Please could you offer any advice on the following. We are probably moving to Hong Kong, and need to have a few facts before we commit.

Schooling - two children, one currently in Year 8 and the other due to move up to Year 7 in September, British Curriculum. Which schools would you recommend a look at?

Pets - we have dogs, where would be a good area to live, is it true then have to go into quarantine, and is it true only one pet per working visa?

Housing - what areas would be nice to live in with pets and children. We can't live in a high-rise as I can't use lifts

Rental prices for 3/4 bedrooms plus a maid's room

Sports - sailing, riding and tennis, are these easy to access, do you need to join a yacht club, and if so what sort of fees are you looking at? ditto for riding and tennis, or can these be done through school?

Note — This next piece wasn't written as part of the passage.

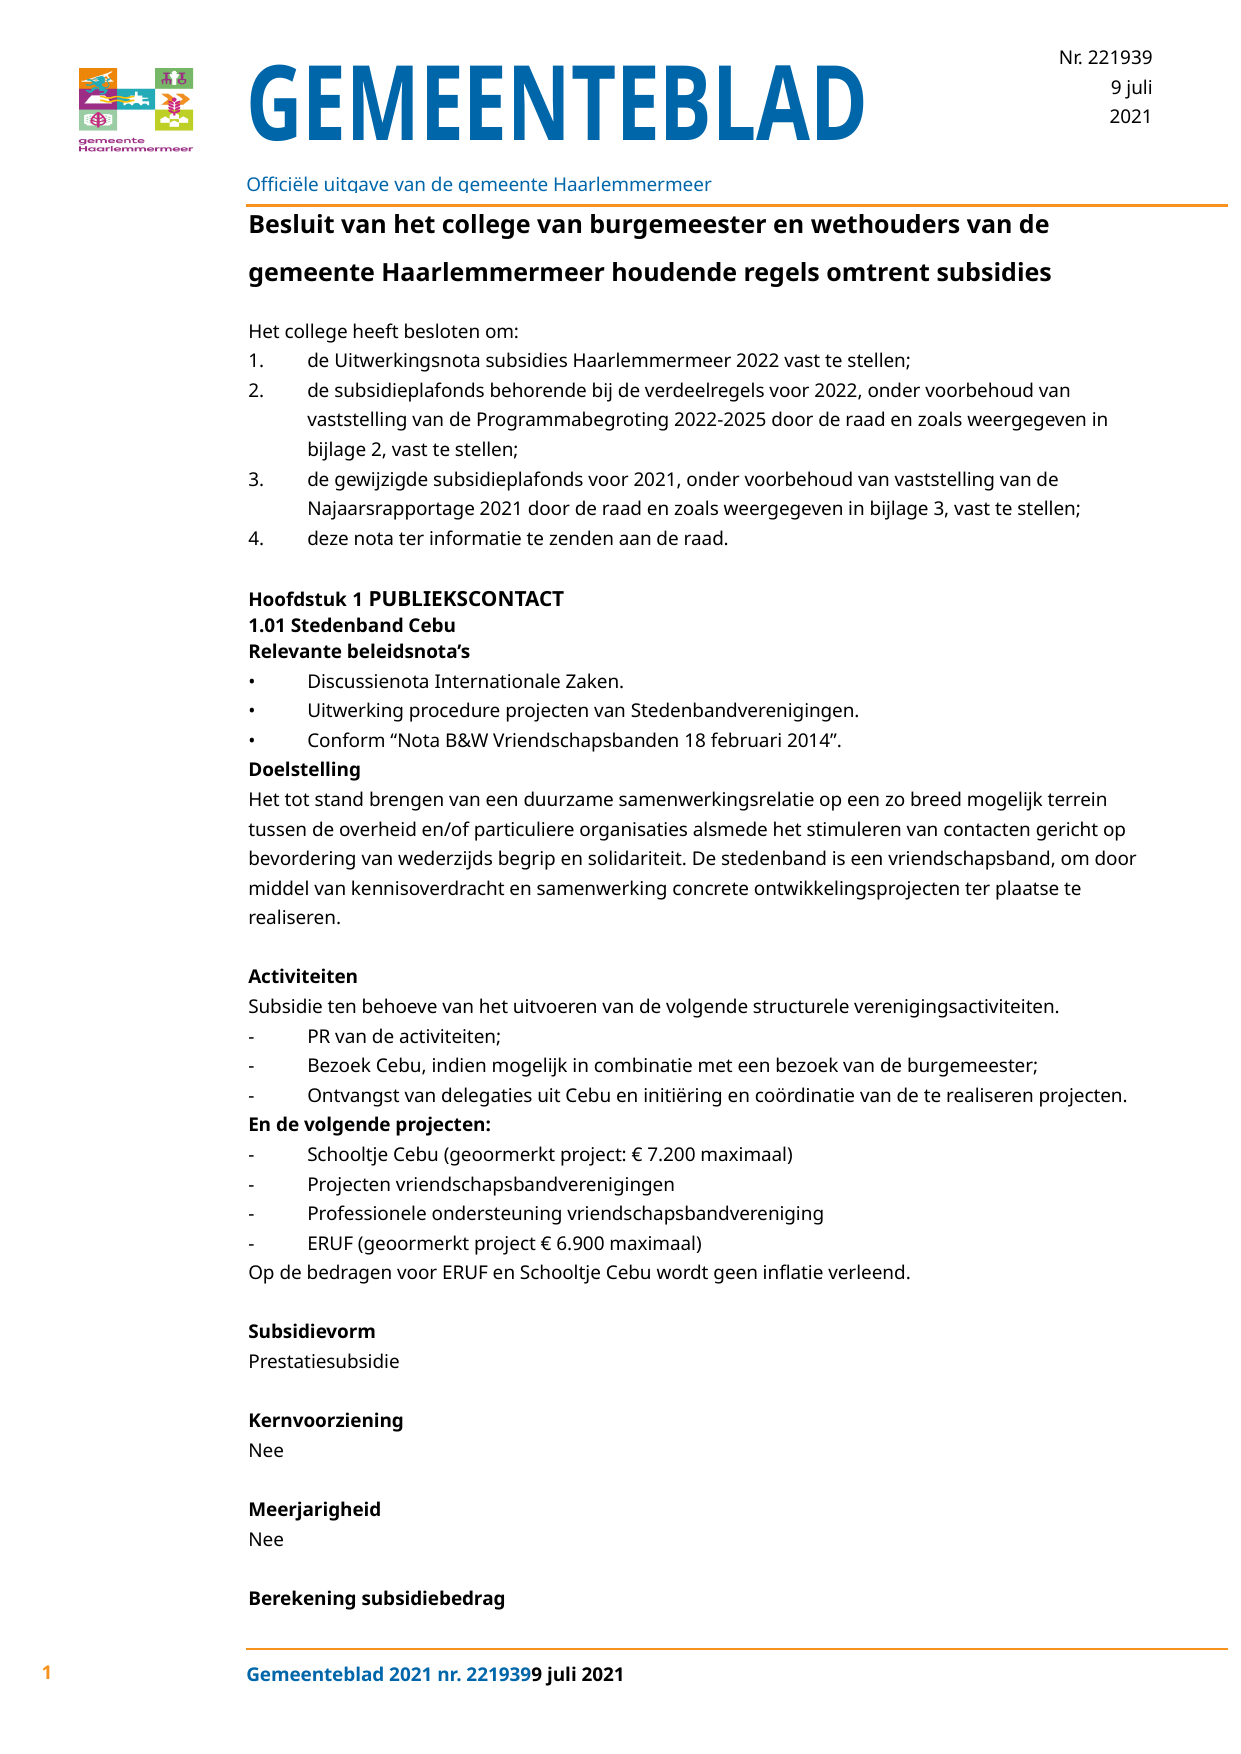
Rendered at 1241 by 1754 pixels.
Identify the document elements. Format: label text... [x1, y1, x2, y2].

Any information you can give me would be really grateful. Thanks in advance, Beach bunny


----------



## boroboy (Mar 19, 2013)

Whats your budget? Discovery bay is nice and almost everyone has a dog and a couple of kids! they have landed houses but you will pay HKD$65k a month upwards. If you can budget more than that then look at Repulse Bay or Stanley on HK Island, if its less than that then take a look at Sai Kung or Shek O.

For sailing you can join the HK yacht club but I dont know the prices, or there are a couple of govt ran sailing clubs, they are v cheap but you will need to get a local license. For other sports facilities, it depends on the location. In Discovery Bay there is a residents recreation club for HKD$500 a month that gives you easy access to tennis facilities. There are also v good govt sports facilities but its practically impossible to book a tennis court after 4pm on a week day or at a weekend.

For schooling I dont know sorry!

I am actually in the middle of the reverse move, moving from HK to Dubai in August.


----------



## vantage (May 10, 2012)

have you asked on the HK forum?


----------



## IzzyBella (Mar 11, 2013)

I was about to ask if they posted in the correct forum...


----------



## Beach bunny (Apr 20, 2013)

Hi Boroboy and Vantage, thanks for responding. I have posted on the Hong Kong page, but received no replies.

It's useful to know rents are so high, we need this and more info so we can negotiate the right deal for us.

Any other info I'd be most grateful. Many thanks


----------



## Annajojo (Jun 28, 2013)

suggest you Tung Chung...that is a estate Caribbean Coast pets allow...3/4 rooms plus maid room is HK$22K up...

I you like house...4 bedrooms with maid room...HK$55K


----------